If you've taken that small leap with me, I will now ask you to make one that is only slightly larger. Note that in our new notation, every string is a number. Because of this, we can change the form of our rules, from typographical manipulations to mathematical functions. I'll give you an example, using a rule which is not actually a real rule, just to keep things simple.

Fake rule: Whenever a string ends in the symbol "000", you can replace that symbol with "005".

The same fake rule, written differently: Whenever a number is a multiple of 1000, you can add 5 to it.

I chose this "fake rule" because it translates very simply. The rule about removing 223223 from a string would be trickier to write as a function, but it could certainly be done. And so, in this manner, we are going to change all our rules from typographical, to mathematical, manipulations of number-strings.

Once again, I urge you to take a moment to convince yourself that we haven't changed anything: our original TNT string-manipulation rules have been turned into mathematical functions, but our new system is still exactly the same as the old, just written differently.

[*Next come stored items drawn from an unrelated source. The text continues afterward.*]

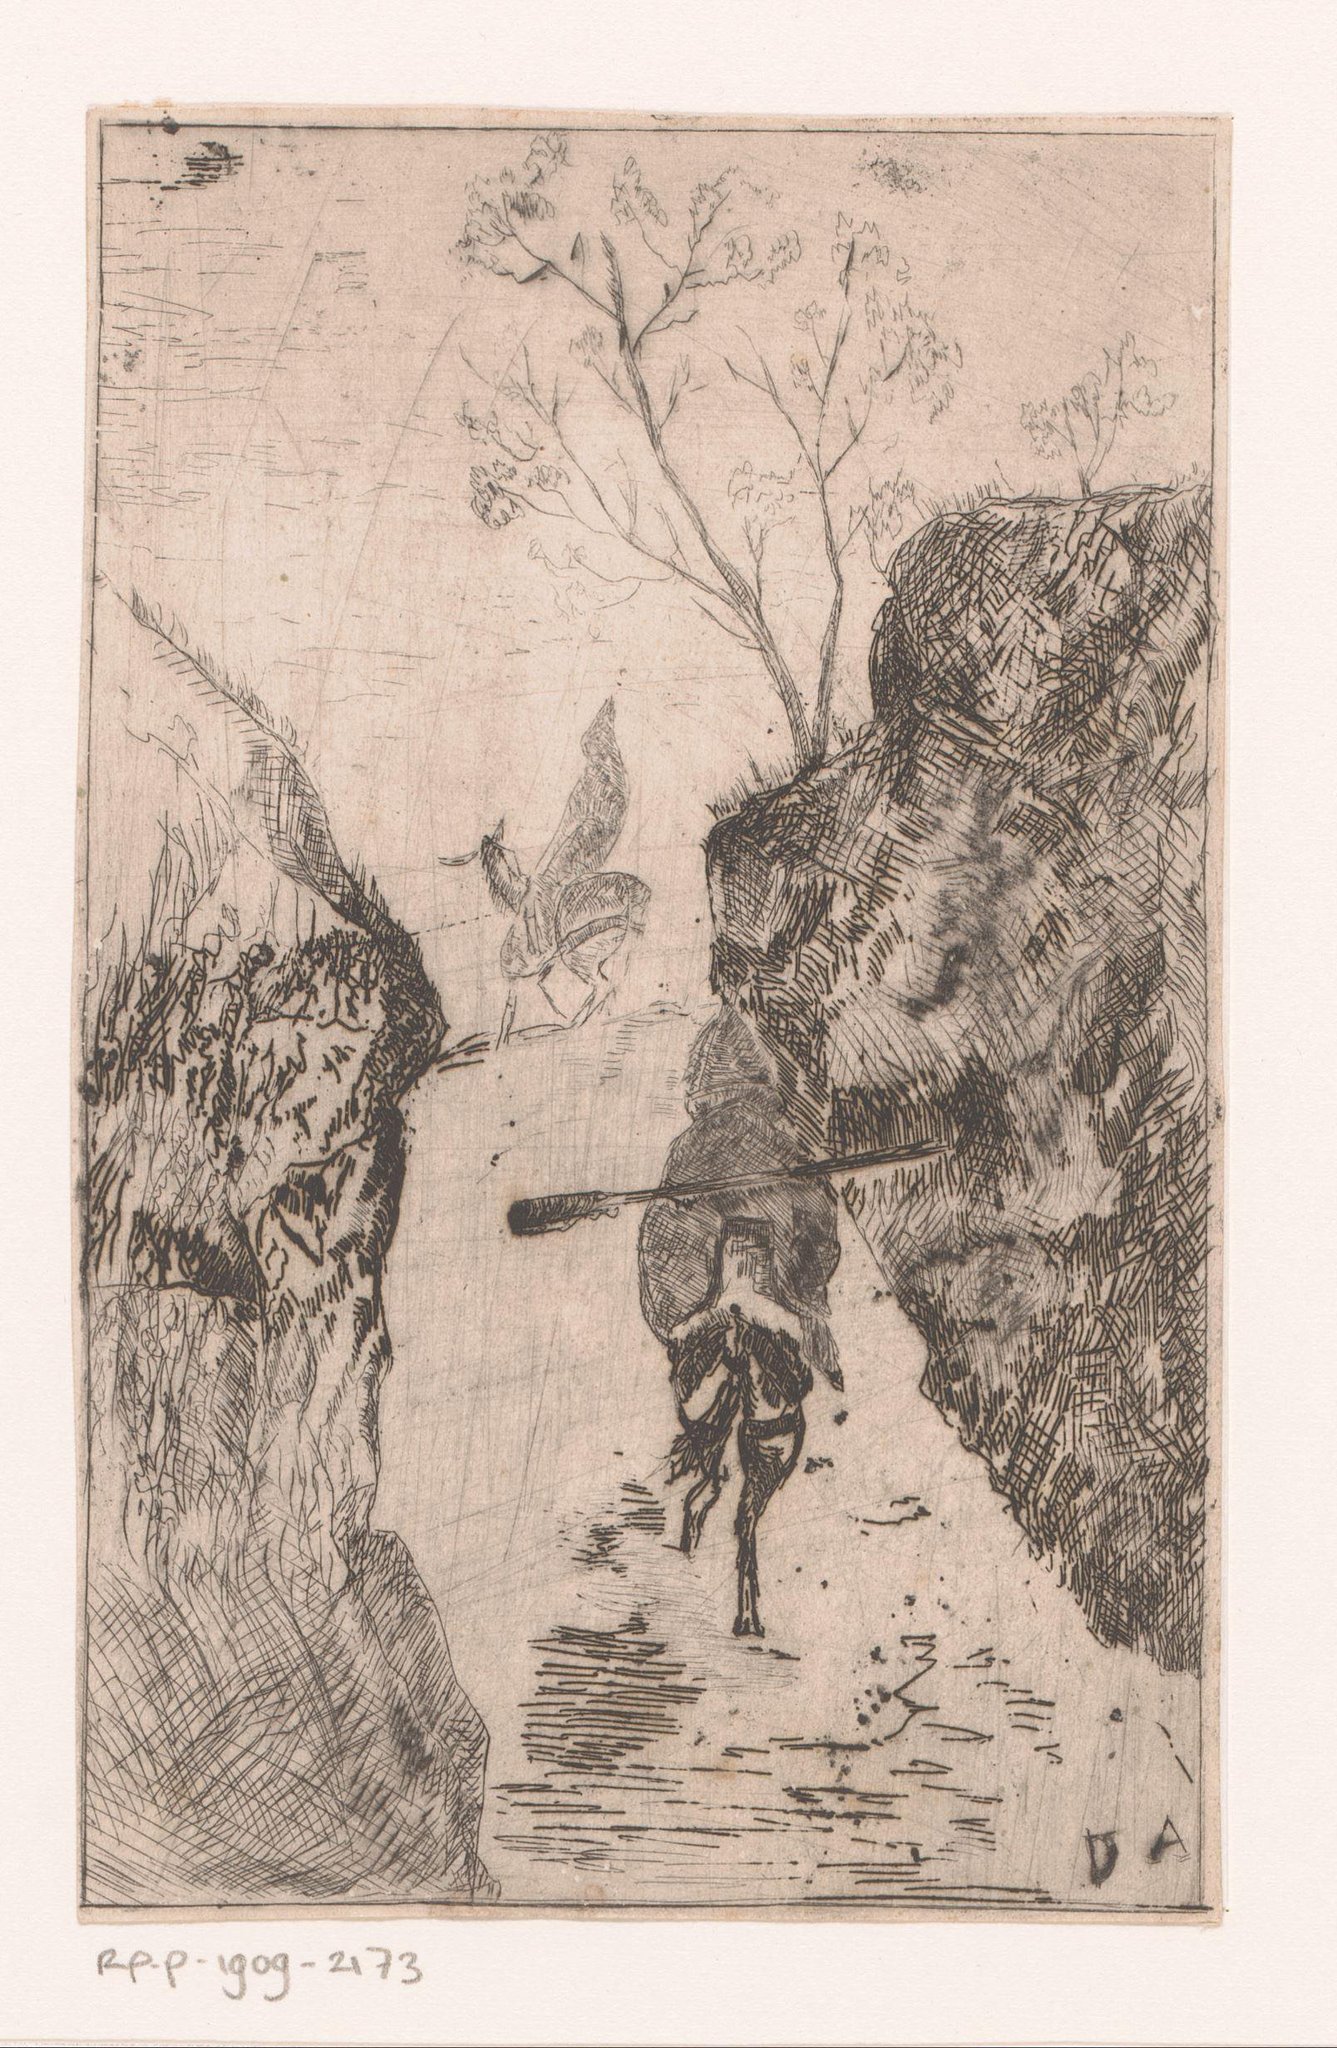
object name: print
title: Twee ruiters op een bergweg
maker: vicomte arthur-jean le bailly dinghuem
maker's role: print maker
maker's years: 1839-
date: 1875
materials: paper
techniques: drypoint, etching, intaglio
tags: riding a horse, ass, or mule; rider, horseman, rocks
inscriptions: collector's mark: Lugt 2228
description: Onderdeel van een serie van twaalf prenten. Prent gedrukt op een versneden blad met op verso in litho de benen van Junon Somnifère.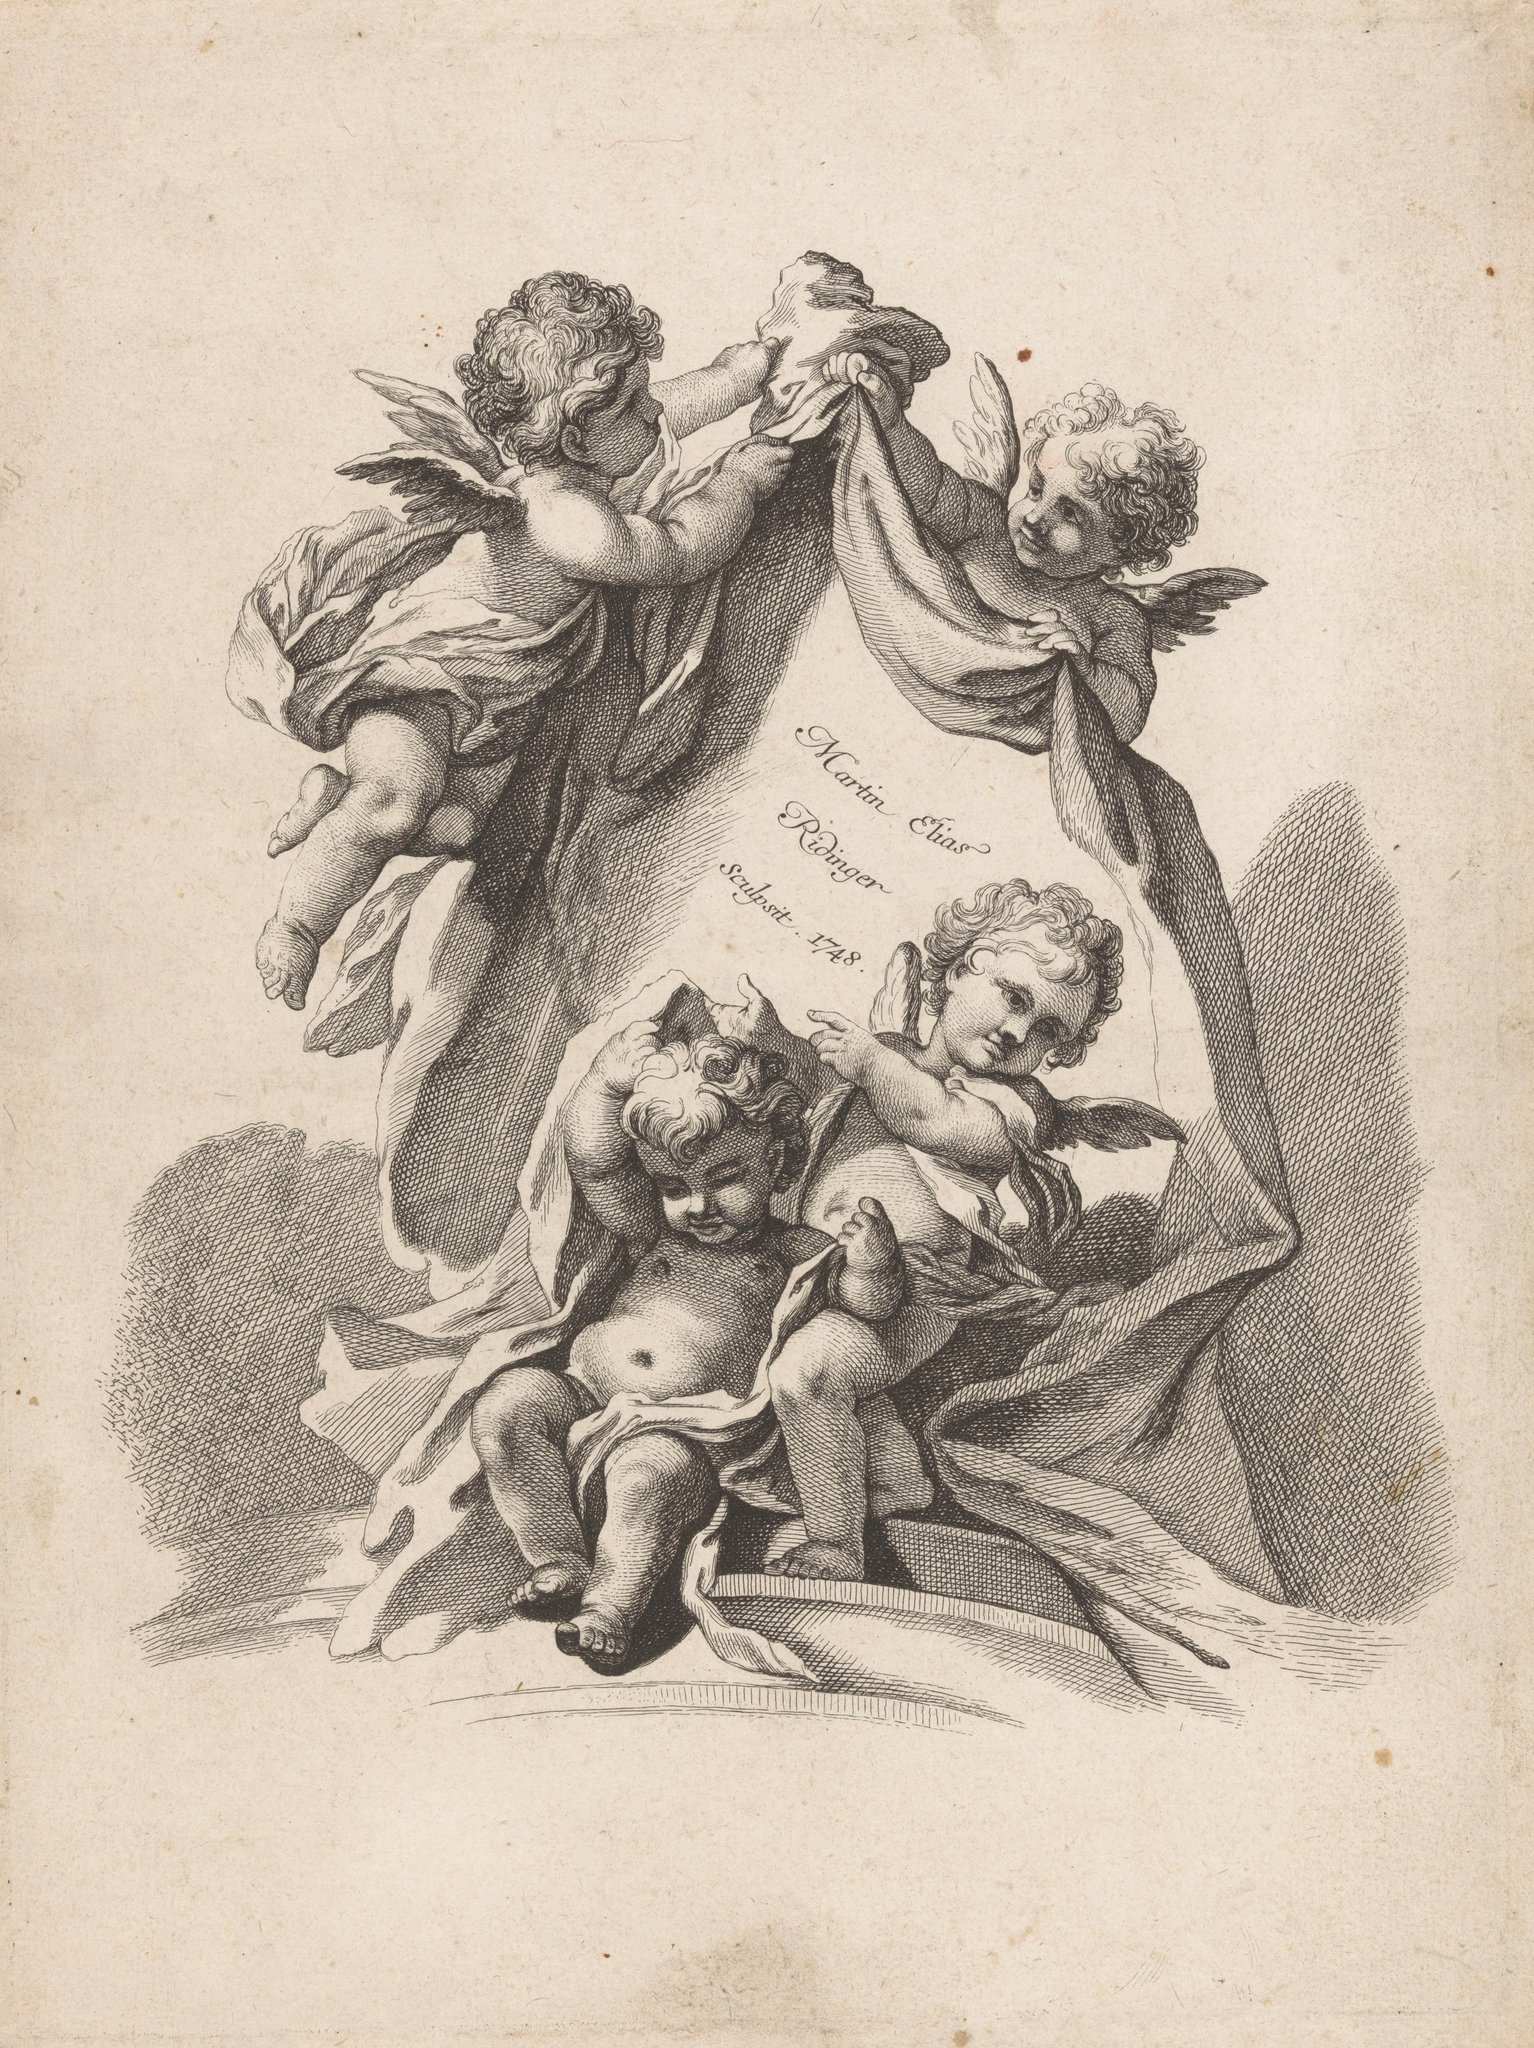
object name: ornament print
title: Vier putti
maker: martin elias ridinger
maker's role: print maker
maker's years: 1730-1780
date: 1748
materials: paper
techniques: engraving, etching
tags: cupids: 'amores', 'amoretti', 'putti'
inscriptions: collector's mark: Lugt 2228
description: Kopie naar Premier Livre de Groupes d'Enfans van François Boucher.

Because, although nothing fundamental has changed, something very interesting has happened. Our original TNT strings were interpreted as being "strings about numbers." That was a very familiar idea: after all, we all learned in first grade to treat "1+1=2" as a string about numbers! But in the Gödelized version, we have something slightly different: numbers about numbers. In this system, the number 123666112666111123666 means "1+0=1"; and the number 123666111666 means "1=0".

Now, you may recall that Gödel's proof required us to write a TNT string about a TNT string; and we said that was impossible, because TNT strings are only about numbers. Although we've still got a way to go, you might suspect that the Gödel notation is a step in the right direction, since it blurs the distinction between numbers and statements. And because this is the step where things blur, it is the most important time for you to keep your understanding as clear and unblurred as possible, and to make sure that the idea of Gödelized TNT is as straightforward and incontrovertible as you can make it.

A Closer Look at Gödelized TNT

One good clarification technique is to note that we have three different ways now of talking about exactly the same information: number theory, TNT, and Gödel-numbered TNT. All three systems have axioms, and rules of production for turning those axioms into theorems; but these elements look very different in the different systems. I've tried to summarize the entire thing in the following chart.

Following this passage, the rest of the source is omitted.